Memory 902 can include one or more various types of non-volatile (non-transitory) and/or volatile (transitory) storage technologies. Examples of memory 902 can include, but are not limited to, flash memory, hard disk drives, optical drives, solid-state drives, various types of random-access memory (RAM), various types of read-only memory (ROM), neural networks, other computer-readable storage media (also referred to as processor-readable storage media), or the like, or any combination thereof. Memory 902 can be utilized to store information, including computer-readable instructions that are utilized by CPU 909 to perform actions, including those of embodiments described herein.

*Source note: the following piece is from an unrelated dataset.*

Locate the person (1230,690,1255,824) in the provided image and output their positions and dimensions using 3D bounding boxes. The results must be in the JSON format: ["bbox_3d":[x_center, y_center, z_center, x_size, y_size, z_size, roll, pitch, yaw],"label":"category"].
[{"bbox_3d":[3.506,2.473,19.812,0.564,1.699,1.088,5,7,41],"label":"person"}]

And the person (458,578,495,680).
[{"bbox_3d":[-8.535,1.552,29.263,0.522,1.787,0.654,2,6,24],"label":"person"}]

Memory 902 can have stored thereon enabling module(s) 905 that can be configured to implement and/or perform some or all of the functions of the systems, components and modules described. Memory 902 can also store other programs and data 907, which can include rules, databases, application programming interfaces (APIs), software containers, nodes, pods, clusters, node groups, control planes, software defined data centers (SDDCs), microservices, virtualized environments, software platforms, cloud computing service software, network management software, network orchestrator software, intelligence layer software, network functions (NF), artificial intelligence (AI) or machine learning (ML) programs or models to perform the functionality described herein, user interfaces, operating systems, other network management functions, other NFs, etc.

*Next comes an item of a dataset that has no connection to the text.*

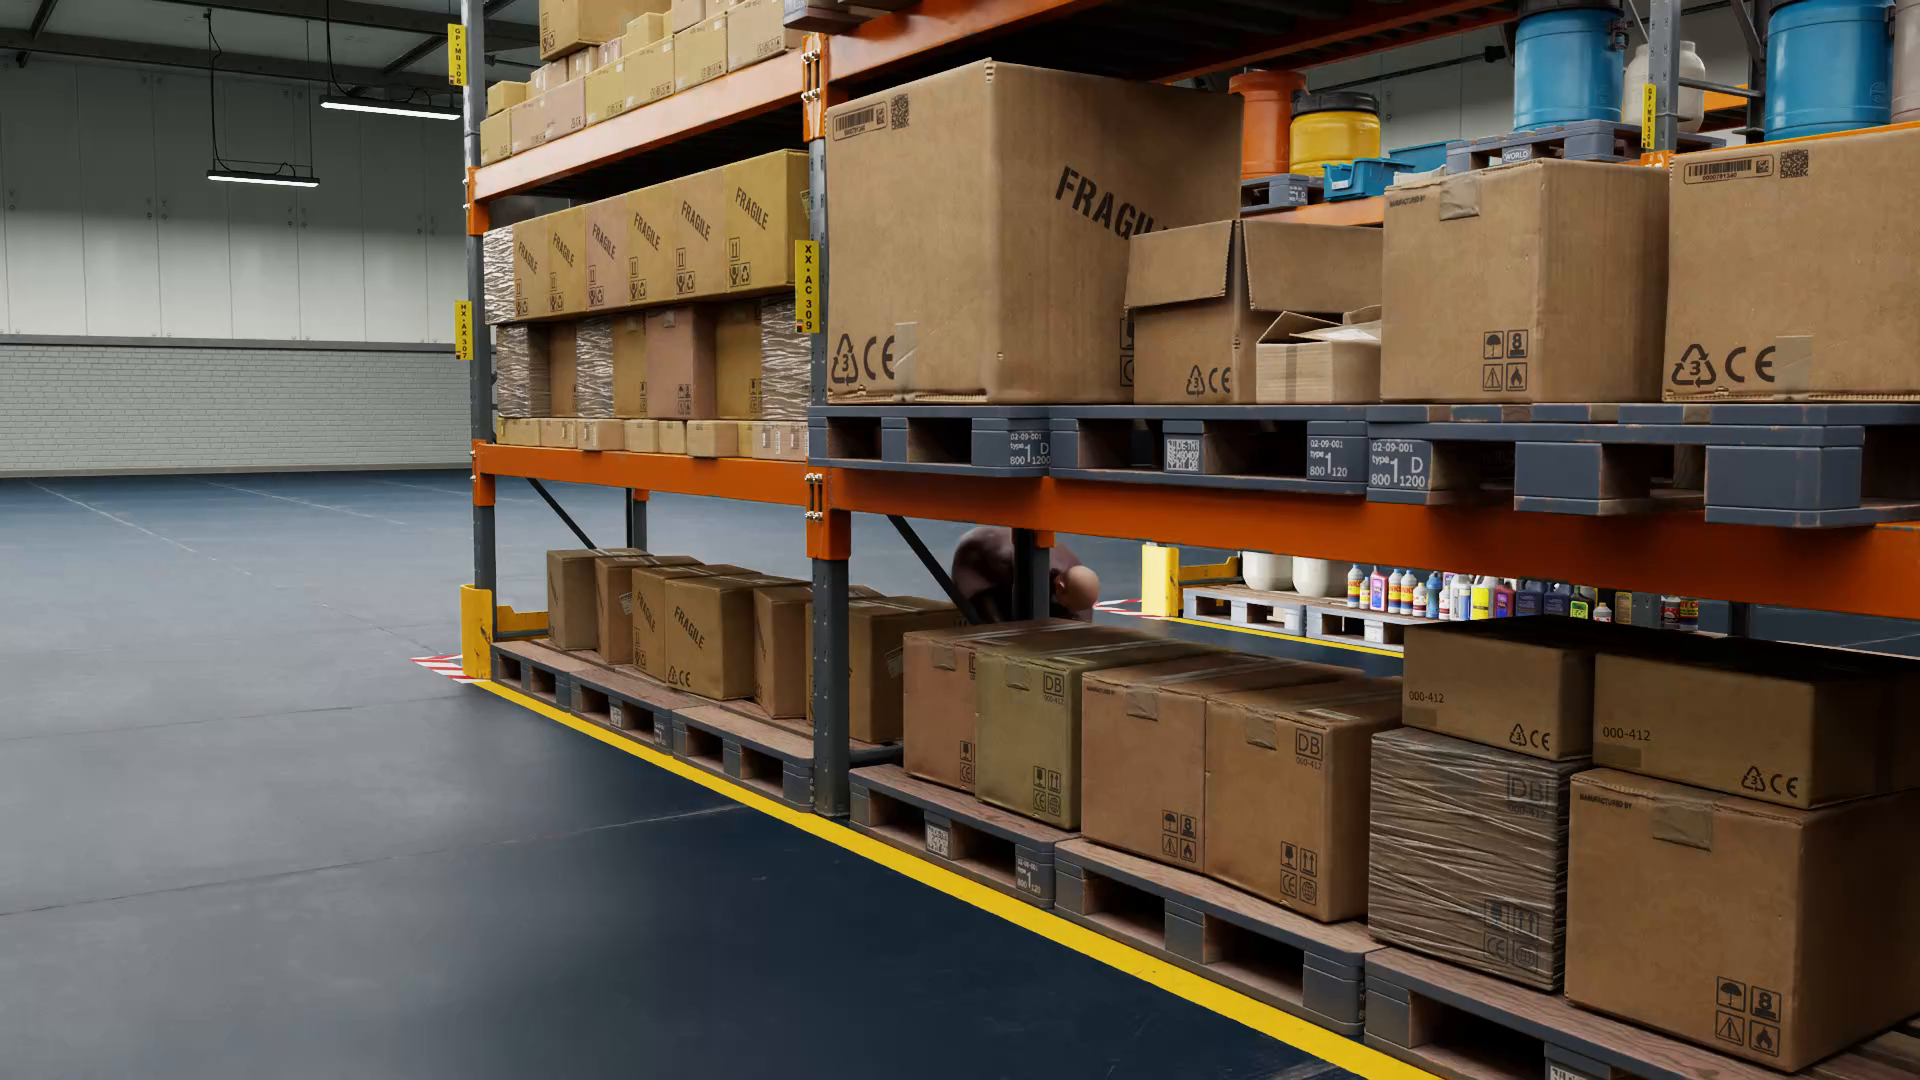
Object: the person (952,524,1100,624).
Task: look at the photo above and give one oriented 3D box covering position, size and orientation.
[{"bbox_3d":[0.338,0.389,8.081,0.594,0.952,0.947,-3,6,-35],"label":"person"}]

Network connections 915 are configured to communicate with other computing devices to facilitate the functionality described herein. In various embodiments, the network connections 915 include transmitters and receivers (not illustrated), cellular telecommunication network equipment and interfaces, and/or other computer network equipment and interfaces to send and receive data as described herein, such as to send and receive instructions, commands and data to implement the processes described herein. I/O interfaces 911 can include video interfaces, other data input or output interfaces, or the like. Other computer-readable media 913 can include other types of stationary or removable computer-readable media, such as removable flash drives, external hard drives, or the like.

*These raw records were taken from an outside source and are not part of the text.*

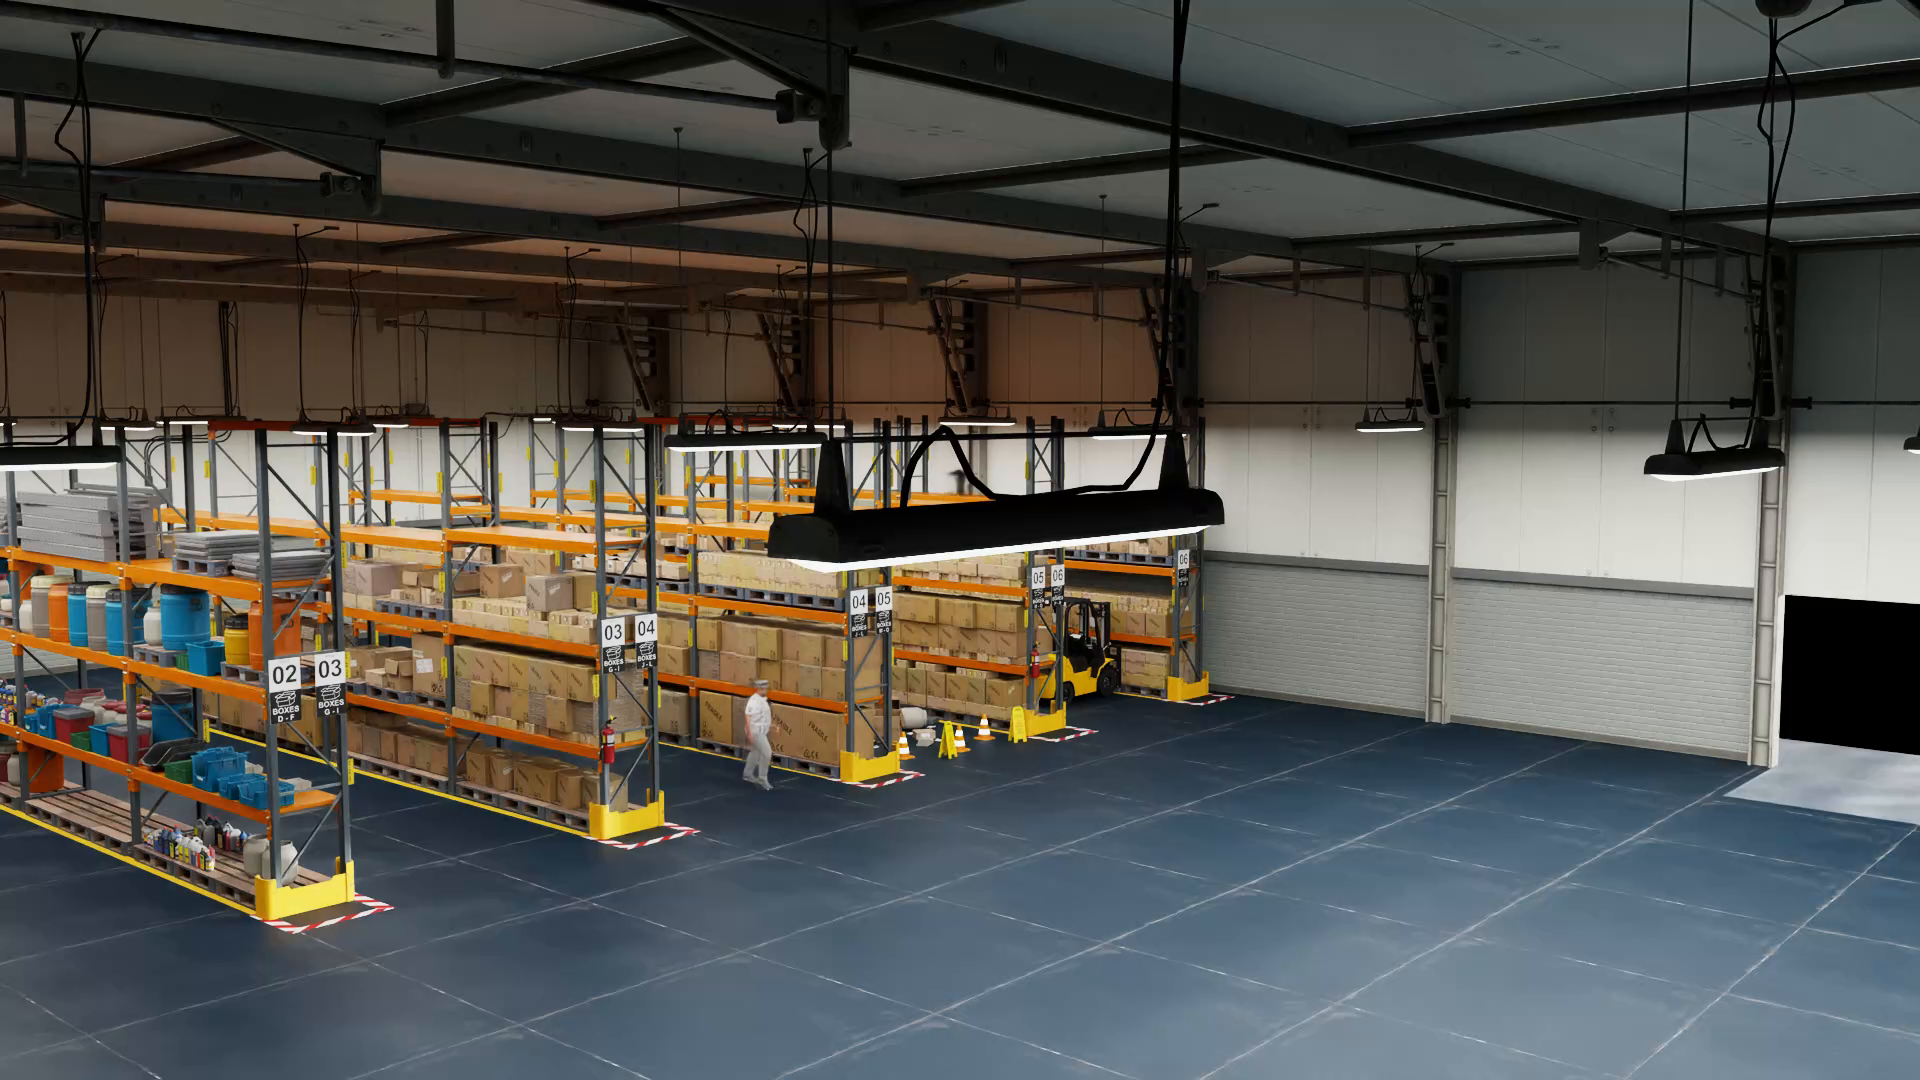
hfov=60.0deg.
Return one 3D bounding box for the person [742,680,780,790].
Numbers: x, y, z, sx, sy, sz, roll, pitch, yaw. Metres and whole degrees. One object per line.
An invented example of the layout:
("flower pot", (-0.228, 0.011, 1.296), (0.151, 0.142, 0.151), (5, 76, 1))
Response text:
("person", (-3.318, 3.190, 27.260), (0.610, 1.815, 0.626), (1, 5, 11))

The various embodiments described above can be combined to provide further embodiments. These and other changes can be made to the embodiments in light of the above-detailed description. In general, in the following claims, the terms used should not be construed to limit the claims to the specific embodiments disclosed in the specification and the claims but should be construed to include all possible embodiments along with the full scope of equivalents to which such claims are entitled. Accordingly, the claims are not limited by the disclosure.